Question

Vertex of x^2-10x+30

Answer 1

We have: $f(x)=x^2-10x+30$

Method 1.

Use: $(*)\ \ \ \ \ (a-b)^2=a^2-2ab+b^2$

and the vertex form $f(x)=a(x-h)^2+k$

(h, k) - the coordinates of a vertex

$x^2-10x+30=x^2-2\cdot x\cdot5+30=\underbrace{x^2-2\cdot x\cdot5+5^2}_{(*)}-5^2+30\\\\=(x-5)^2+5\to h=5;\ k=5$

Answer: (5, 5)

Method 2.

For $f(x)=ax^2+bx+c$ the coordinates of a vertex (h, k) are equal

$h=\dfrac{-b}{2a};\ k=f(h)=\dfrac{-(b^2-4ac)}{4a}$

We have: $f(x)=x^2-10x+30\to a=1;\ b=-10;\ c=30$

Substitute:

$h=\dfrac{-(-10)}{2\cdot1}=\dfrac{10}{2}=5\\\\k=f(5)=5^2-10\cdot5+30=25-50+30=5$

Answer: (5, 5)

Answer 2

The easiest way to find the vertex is to convert this standard form equation into vertex form, which is y = a(x - h)^2 + k.

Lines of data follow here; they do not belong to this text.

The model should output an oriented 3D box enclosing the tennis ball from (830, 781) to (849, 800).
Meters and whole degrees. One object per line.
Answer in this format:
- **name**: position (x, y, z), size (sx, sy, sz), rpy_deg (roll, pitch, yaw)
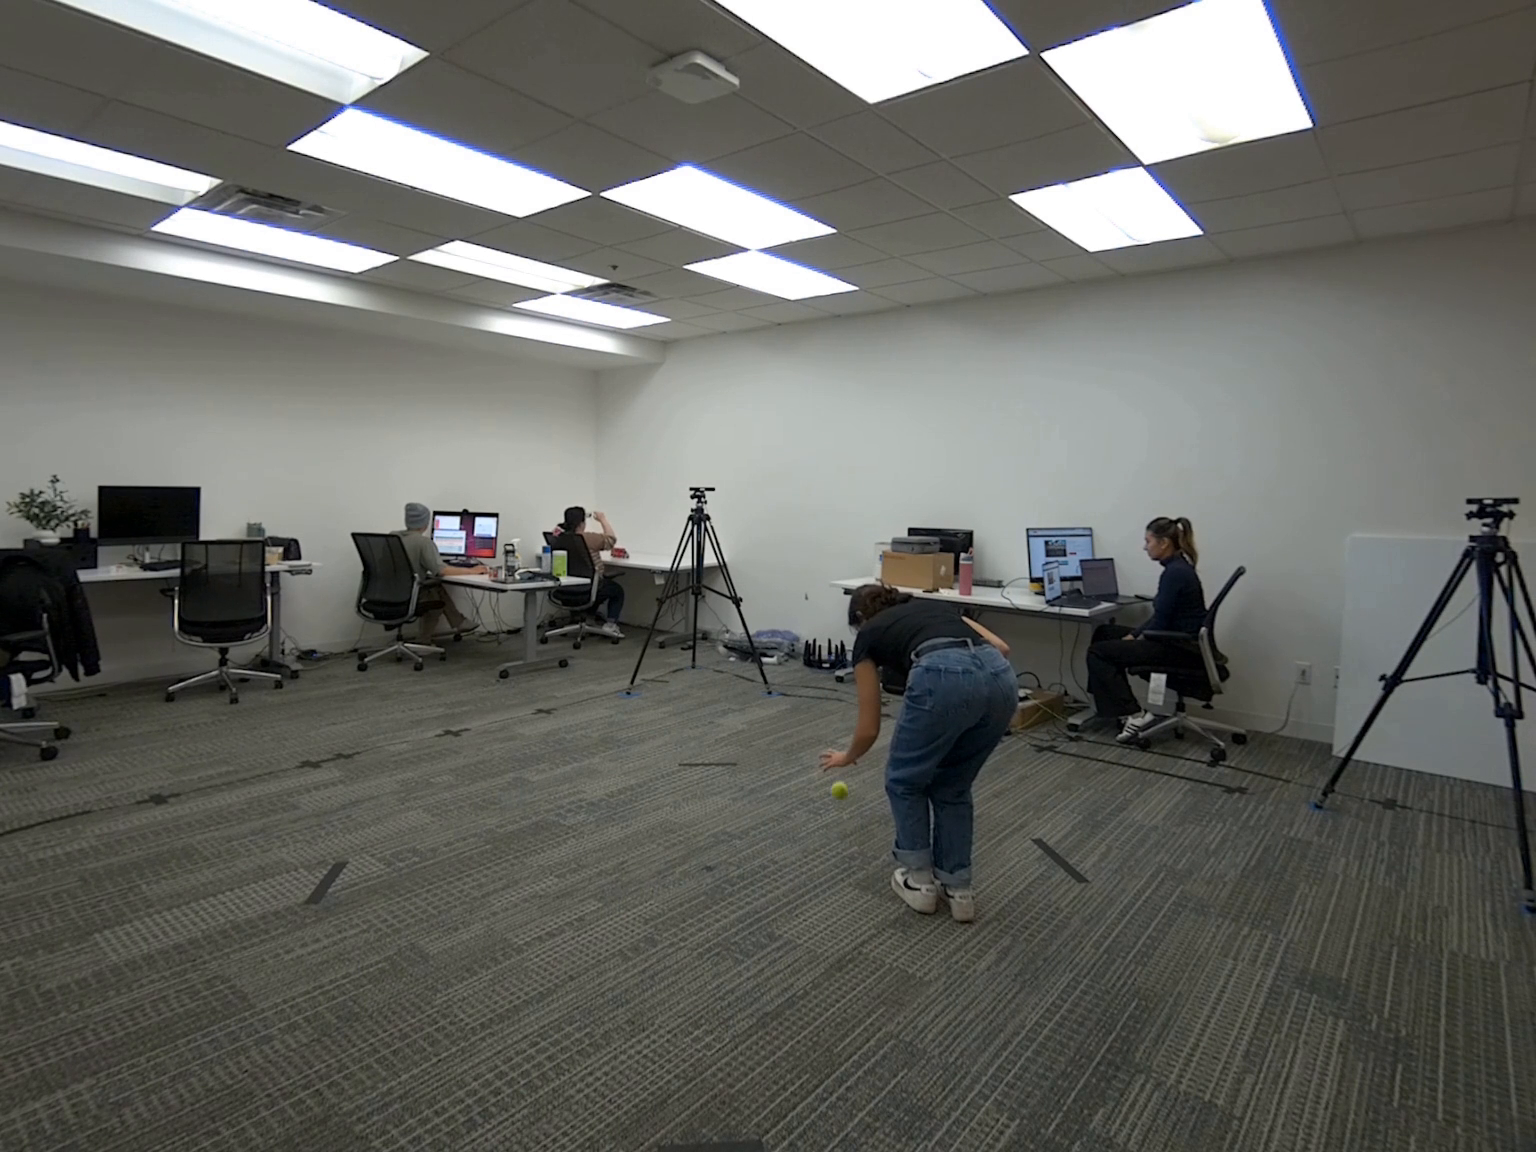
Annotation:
- **tennis ball**: position (0.266, 0.811, 3.286), size (0.066, 0.066, 0.067), rpy_deg (1, 4, -2)
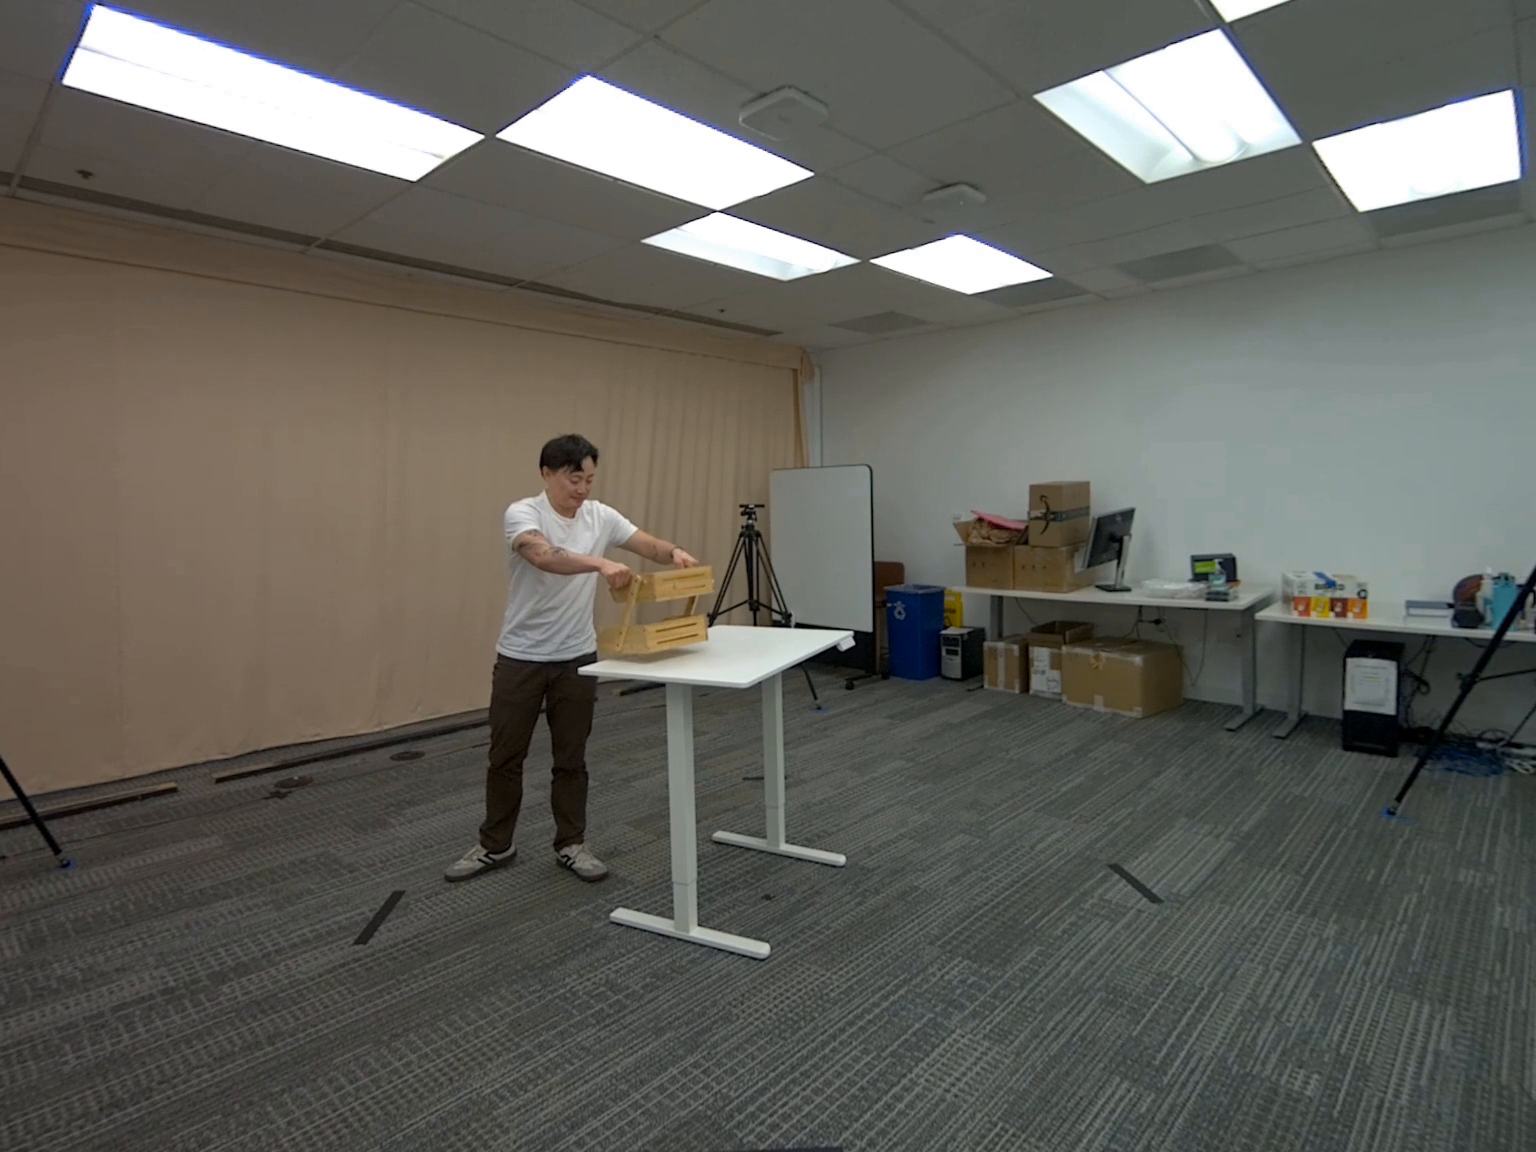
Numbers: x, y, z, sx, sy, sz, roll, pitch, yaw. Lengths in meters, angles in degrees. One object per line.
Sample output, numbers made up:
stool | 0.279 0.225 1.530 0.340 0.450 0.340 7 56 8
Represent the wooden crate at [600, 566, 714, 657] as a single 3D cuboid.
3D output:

Firstly, put x^2 - 10x into parentheses: y = (x^2 - 10x) + 30

Next, we want to make what's inside the parentheses a perfect square. To do that, we need to divide the x coefficient by 2 and square it. In this case, the result is 25. Add 25 inside the parentheses and subtract 25 outside of the parentheses: y = (x^2 - 10x + 25) + 30 - 25

Next, factor what's inside the parentheses and combine like terms outside of the parentheses, and your vertex form is: y = (x - 5)^2 + 5.

Now going back to the formula of the vertex form, y = a(x - h)^2 + k, the vertex is (h,k). Using our vertex equation, we can see that the vertex is (5,5).